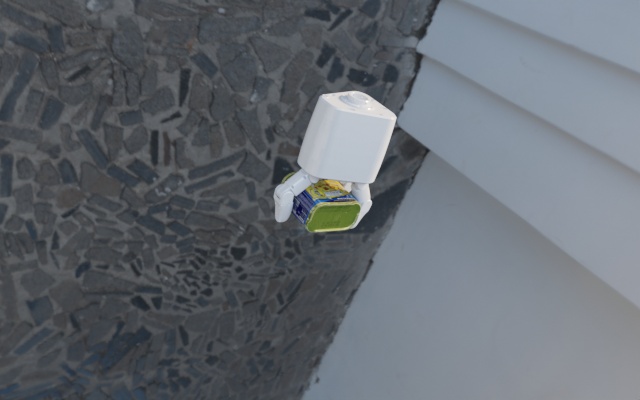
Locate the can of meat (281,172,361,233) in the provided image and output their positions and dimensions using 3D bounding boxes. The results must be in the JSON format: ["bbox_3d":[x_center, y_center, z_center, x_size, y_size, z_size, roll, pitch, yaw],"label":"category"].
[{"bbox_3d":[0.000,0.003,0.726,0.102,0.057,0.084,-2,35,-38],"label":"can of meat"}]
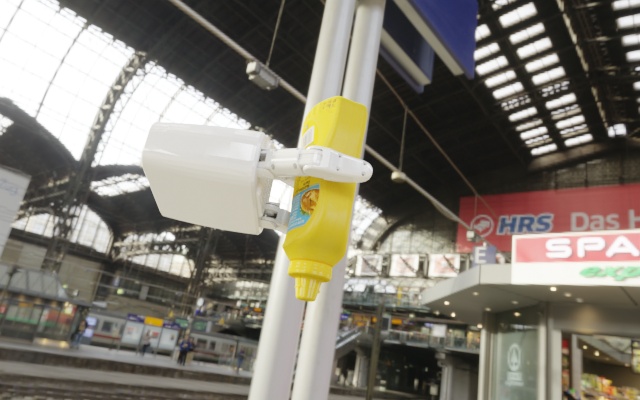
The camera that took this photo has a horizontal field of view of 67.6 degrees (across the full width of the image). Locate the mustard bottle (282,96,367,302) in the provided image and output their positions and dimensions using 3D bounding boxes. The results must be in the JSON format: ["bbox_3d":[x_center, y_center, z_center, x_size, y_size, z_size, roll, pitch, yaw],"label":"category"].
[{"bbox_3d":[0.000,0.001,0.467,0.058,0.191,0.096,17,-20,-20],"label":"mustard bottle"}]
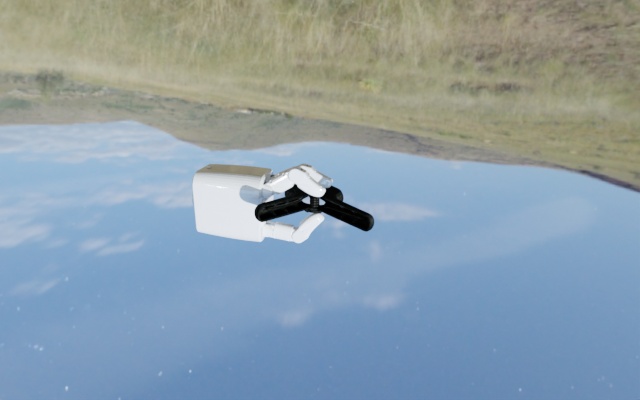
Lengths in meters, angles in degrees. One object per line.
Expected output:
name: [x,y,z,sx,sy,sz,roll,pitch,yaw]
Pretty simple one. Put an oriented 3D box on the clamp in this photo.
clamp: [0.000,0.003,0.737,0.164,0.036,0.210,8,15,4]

--

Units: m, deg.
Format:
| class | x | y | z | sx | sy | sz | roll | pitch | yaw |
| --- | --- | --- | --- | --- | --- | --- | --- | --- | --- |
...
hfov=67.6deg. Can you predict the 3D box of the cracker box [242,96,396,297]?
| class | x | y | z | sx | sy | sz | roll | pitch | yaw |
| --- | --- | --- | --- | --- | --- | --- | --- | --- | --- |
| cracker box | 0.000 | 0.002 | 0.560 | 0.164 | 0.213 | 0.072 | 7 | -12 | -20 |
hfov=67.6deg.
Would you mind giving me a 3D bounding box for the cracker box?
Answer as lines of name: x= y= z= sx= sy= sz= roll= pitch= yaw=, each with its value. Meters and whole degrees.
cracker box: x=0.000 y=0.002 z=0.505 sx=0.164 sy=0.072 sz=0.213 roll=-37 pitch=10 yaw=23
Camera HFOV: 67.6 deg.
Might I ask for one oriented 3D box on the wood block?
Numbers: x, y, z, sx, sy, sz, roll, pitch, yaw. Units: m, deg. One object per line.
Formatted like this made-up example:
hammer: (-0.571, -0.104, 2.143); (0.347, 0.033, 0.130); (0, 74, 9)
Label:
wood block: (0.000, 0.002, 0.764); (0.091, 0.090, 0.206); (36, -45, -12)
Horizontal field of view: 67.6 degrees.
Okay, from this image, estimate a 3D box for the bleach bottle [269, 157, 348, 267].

What is needed: Among the lines above, find those with the word "object". Copy them.

Exercise solution:
Lengths in meters, angles in degrees. One object per line.
Numbers: x, y, z, sx, sy, sz, roll, pitch, yaw. Units: m, deg. One object per line.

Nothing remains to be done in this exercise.